Methods Co‐operative, multicentre, randomised clinical trial (3 intervention groups)
Country: USA
Dates: 1980–1983
Intention‐to‐treat analysis: yes
Sample size calculation: reported
Participants Demographic characteristics
Age (mean): prednisolone group: 51.5 (SD 8.2) years; control group 50.4 (SD 9.2) years
Sex: 100% men
Inclusion criteria and degree of severity
Men hospitalised at 6 Veterans Administration Medical Centers in whom diagnosis of moderate or severe alcoholic hepatitis was based on conventional clinical and laboratory changes of this disease. Histological confirmation not required, so severely ill people not excluded. Severity classified by degree of jaundice (bilirubin) and coagulopathy (prothrombin time)
Exclusion criteria
Conditions that contradicted corticosteroid therapy: severe infections, active peptic ulcer disease, or insulin‐dependent diabetes mellitus, or if they had taken corticosteroids within the preceding 3 months; positive test for hepatitis B surface antigen; clinical or historical evidence of recent parenteral drug abuse, intractable congestive heart failure, neoplasms that commonly metastasise to the liver, or non‐alcoholic liver diseases
Randomisation procedure
Assignment made by Coordinating Center (Hines, Ill) was balanced within each hospital, and according to disease severity
Number of participants randomised: 178 (prednisolone and placebo) + 85 (n = oxandrolone)

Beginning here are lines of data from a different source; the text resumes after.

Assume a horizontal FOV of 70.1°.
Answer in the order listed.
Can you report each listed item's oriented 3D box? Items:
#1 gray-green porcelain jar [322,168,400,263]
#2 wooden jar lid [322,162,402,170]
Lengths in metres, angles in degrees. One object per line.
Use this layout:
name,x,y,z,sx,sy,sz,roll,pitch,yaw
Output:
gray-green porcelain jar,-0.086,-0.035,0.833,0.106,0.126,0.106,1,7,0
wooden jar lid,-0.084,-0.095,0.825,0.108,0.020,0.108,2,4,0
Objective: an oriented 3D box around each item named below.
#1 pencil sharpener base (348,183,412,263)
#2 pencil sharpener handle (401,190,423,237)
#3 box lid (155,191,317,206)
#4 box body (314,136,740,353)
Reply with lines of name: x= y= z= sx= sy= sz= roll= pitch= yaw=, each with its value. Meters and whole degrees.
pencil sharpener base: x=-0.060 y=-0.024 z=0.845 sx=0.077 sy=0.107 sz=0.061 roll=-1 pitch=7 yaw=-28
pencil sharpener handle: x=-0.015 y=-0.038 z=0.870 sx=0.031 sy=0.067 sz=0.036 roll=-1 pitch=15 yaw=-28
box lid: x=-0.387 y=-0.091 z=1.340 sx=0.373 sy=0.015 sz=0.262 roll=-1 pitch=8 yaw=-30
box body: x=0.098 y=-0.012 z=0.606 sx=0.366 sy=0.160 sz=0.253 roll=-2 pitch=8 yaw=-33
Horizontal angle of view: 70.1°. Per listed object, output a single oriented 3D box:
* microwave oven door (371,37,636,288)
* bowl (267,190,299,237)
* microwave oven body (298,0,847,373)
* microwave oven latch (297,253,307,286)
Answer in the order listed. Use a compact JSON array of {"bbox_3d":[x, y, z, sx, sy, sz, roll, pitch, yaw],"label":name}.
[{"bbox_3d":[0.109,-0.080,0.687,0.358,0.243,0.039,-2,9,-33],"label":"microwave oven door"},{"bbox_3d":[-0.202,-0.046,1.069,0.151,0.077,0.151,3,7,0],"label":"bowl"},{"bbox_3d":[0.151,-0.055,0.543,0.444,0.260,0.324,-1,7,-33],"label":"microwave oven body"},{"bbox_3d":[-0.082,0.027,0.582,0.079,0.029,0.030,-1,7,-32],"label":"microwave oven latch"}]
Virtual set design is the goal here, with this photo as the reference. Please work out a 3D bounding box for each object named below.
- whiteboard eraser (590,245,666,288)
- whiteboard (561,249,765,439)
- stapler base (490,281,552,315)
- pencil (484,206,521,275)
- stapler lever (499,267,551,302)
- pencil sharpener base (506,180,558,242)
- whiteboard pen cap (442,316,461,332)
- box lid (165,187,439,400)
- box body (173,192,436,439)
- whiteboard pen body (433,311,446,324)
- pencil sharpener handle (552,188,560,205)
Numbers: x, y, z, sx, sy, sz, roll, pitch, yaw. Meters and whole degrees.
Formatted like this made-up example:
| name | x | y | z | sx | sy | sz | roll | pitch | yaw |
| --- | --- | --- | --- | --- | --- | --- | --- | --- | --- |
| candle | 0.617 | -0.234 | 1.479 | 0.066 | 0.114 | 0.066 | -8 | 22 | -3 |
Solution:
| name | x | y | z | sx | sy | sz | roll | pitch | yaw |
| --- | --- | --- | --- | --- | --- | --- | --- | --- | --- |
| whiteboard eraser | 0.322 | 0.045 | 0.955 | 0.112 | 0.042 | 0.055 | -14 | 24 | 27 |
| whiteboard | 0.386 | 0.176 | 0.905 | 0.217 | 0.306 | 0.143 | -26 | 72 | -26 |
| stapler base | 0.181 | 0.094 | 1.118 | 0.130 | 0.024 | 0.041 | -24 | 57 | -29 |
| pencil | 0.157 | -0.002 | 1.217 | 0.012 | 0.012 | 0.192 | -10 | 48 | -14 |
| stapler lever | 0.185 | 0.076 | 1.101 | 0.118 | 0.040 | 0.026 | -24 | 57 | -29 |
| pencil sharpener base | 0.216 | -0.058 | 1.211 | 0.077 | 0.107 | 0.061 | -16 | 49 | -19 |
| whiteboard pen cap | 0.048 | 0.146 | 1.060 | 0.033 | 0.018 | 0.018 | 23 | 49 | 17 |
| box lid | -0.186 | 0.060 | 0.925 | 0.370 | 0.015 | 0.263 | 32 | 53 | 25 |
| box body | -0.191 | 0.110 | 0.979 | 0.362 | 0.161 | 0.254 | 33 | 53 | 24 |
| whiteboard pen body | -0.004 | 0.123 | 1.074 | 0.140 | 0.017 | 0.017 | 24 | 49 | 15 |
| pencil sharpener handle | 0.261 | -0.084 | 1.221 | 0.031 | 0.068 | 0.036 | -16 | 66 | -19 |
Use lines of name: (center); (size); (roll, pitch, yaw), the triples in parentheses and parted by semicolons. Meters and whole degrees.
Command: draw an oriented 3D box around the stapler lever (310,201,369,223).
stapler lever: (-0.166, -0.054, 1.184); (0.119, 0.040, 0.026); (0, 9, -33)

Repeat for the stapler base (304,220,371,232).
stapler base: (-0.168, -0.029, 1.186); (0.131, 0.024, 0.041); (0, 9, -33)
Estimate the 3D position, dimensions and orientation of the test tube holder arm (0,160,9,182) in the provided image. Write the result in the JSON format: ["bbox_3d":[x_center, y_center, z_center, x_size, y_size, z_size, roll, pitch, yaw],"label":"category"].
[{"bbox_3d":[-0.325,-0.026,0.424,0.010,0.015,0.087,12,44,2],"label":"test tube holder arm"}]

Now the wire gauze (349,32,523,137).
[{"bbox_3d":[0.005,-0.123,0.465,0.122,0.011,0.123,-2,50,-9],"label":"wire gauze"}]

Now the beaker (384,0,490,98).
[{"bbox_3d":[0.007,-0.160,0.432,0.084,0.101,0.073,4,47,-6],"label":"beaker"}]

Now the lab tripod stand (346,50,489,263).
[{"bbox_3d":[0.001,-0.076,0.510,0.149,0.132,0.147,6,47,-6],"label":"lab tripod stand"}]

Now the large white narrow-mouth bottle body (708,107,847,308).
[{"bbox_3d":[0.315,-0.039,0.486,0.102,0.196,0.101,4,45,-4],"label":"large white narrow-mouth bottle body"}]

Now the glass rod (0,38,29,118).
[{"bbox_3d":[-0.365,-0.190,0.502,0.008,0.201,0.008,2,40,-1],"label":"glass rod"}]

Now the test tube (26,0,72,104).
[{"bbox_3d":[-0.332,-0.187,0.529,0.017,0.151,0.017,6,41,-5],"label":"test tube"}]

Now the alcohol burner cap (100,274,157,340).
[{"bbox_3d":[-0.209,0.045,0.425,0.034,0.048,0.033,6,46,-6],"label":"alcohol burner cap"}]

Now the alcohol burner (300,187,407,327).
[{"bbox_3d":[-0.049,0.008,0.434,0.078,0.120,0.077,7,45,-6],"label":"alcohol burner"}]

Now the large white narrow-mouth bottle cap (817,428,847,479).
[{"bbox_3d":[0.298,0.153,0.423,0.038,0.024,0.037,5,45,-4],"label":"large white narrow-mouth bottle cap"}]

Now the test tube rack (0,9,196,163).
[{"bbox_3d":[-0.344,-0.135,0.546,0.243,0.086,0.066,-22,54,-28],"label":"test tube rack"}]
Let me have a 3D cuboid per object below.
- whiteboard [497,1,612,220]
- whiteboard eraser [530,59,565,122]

Prednisolone group: n = 90 (moderate 46, severe 44)
Control group: n = 88 (moderate 45, severe 43)
Oxandrolone group: 85
Interventions 132 participants with moderate disease and 131 with severe disease were randomly assigned to 1 of 3 treatments: prednisolone, oxandrolone, or placebo
Experimental group: prednisolone
Dose: 60 mg/day for 4 days; 40 mg/day for 4 days; 30 mg/day for 4 days; 20 mg/day for 4 days; 10 mg/day for 7 days; 5 mg/day for 7 final days
Control group: placebo
Experimental group 2: oxandrolone (not included in the review)
Duration of treatment: 30 days
When possible, participants were evaluated monthly at outpatient clinics. If alcoholic hepatitis recurred and required rehospitalisation, the person was reassigned to the same therapy for 30 days with his permission.
Duration of follow‐up after randomisation: 1 year (350 days for prednisolone group)
Outcomes Mortality
Liver complications
Liver biochemistry
Adverse events
Notes Matching placebos prepared by Upjohn Company and G.D. Searle and Company.
Risk of bias
Bias Authors' judgement Support for judgement
Random sequence generation (selection bias) Unclear risk Quote: "Treatment assignment was made by the Coordinating Center (Hines, Ill.). The random assignment of treatments was balanced within each hospital, as well as according to disease severity."
Allocation concealment (selection bias) Low risk Quote: "Treatment assignment were made by the Coordinating Center (Hines, Ill)."
Blinding of participants and personnel (performance bias) 
 All outcomes Low risk Quote: "Medication was packed into unit dose kits at the Veterans Administration Center Pharmacy(Albuquerque, N.M.). The patient, physician and the local hospital pharmacy had no knowledge of the specific medication in use."
Blinding of outcome assessment (detection bias) 
 All outcomes Unclear risk Not described
Incomplete outcome data (attrition bias) 
 All outcomes Low risk 4.5%
Quote: "Ten patients withdrew from the study before completing treatment (5 given placebo, 3 prednisolone). However, these patients were included in the outcome assessment."
Prednisolone group: 3/90; control group: 5/88
Quote: "324 days … 37 patients were lost to follow‐up: 13 given placebo, 11 prednisolone."
Selective reporting (reporting bias) High risk No protocol available. However, all‐cause mortality and liver‐related mortality were reported.